The role of data as a strategic enabler has become increasingly crucial to the long-term competitiveness of organisations. Netflix, for example, is one of the prominent examples of organisations that have successfully leveraged data to strengthen and sustain their competitive market position. One of the company’s many data-driven innovations is its market-leading Recommendations System that uses machine learning technologies to provide personalised recommendations that Netflix viewers will most likely enjoy. This system is so successful that it is estimated to create more than $1 billion in business value per year according to Netflix’s Chief Product Officer Neil Hunt.
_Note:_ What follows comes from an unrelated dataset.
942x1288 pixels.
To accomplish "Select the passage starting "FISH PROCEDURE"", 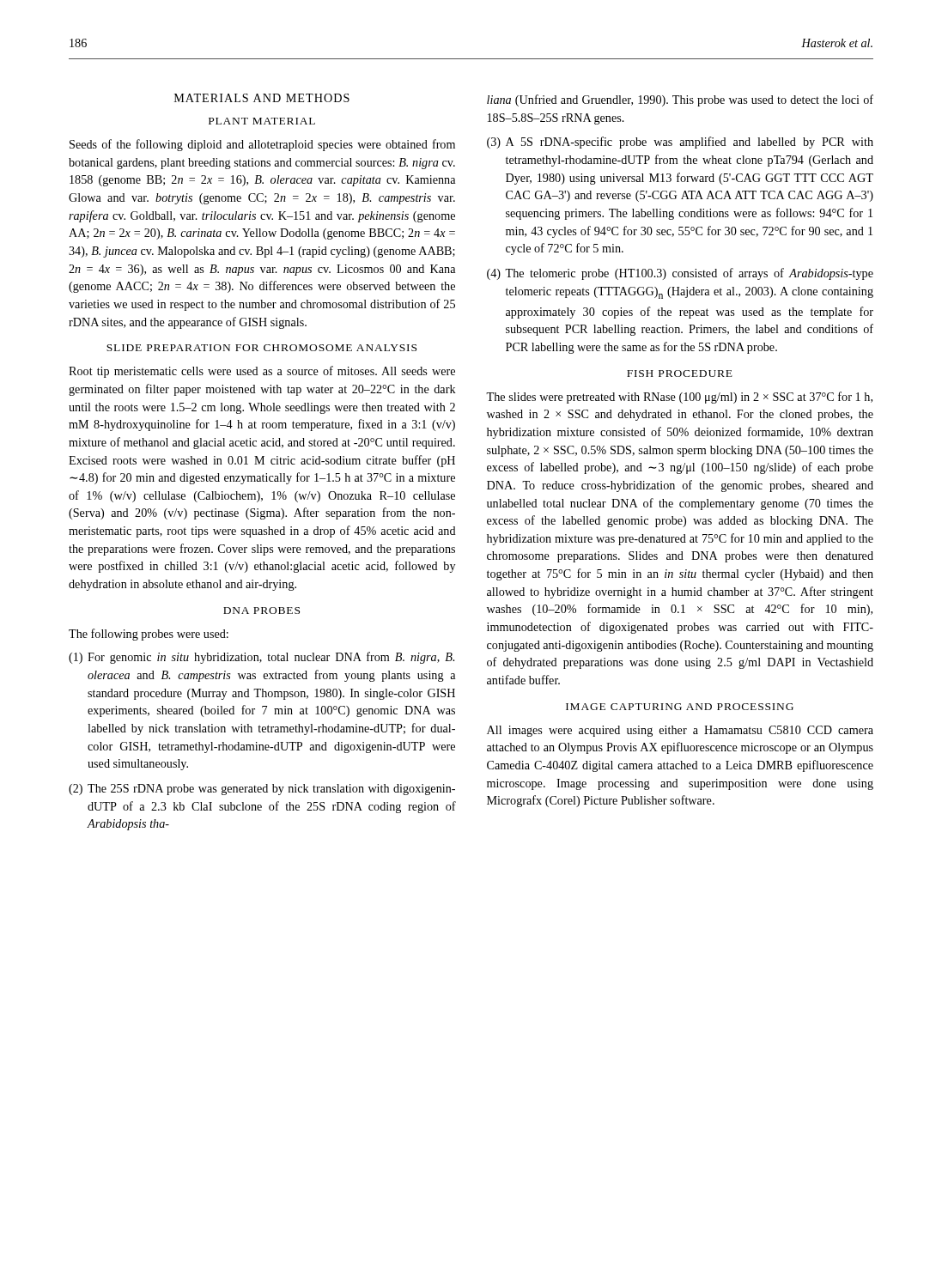I will (x=680, y=373).

Similar examples abound of organisations that were able to successfully unleash the potential of their data assets to create significant business and customer value, and several studies seem to confirm this trend. A recent study published by McKinsey & Company found that data-driven companies outperform their competitors by 20%. In this sense, it can be argued that the innovative use of data to create and sustain competitive advantage is a true game changer. It will generously reward organisations that understand the potential, adopt the right mindset, and build the required capabilities to enable these innovations. 

As these trends accelerate and continue to skew the competitive balance in favour of data-driven organisations, business executives and strategists seek answers to many emerging questions: What do we need to do to be able to successfully transform into a data-driven organisation? What skills, capabilities and relationships should we develop to drive this transformation? How can we assess the potential of our data assets to create new business and customer value?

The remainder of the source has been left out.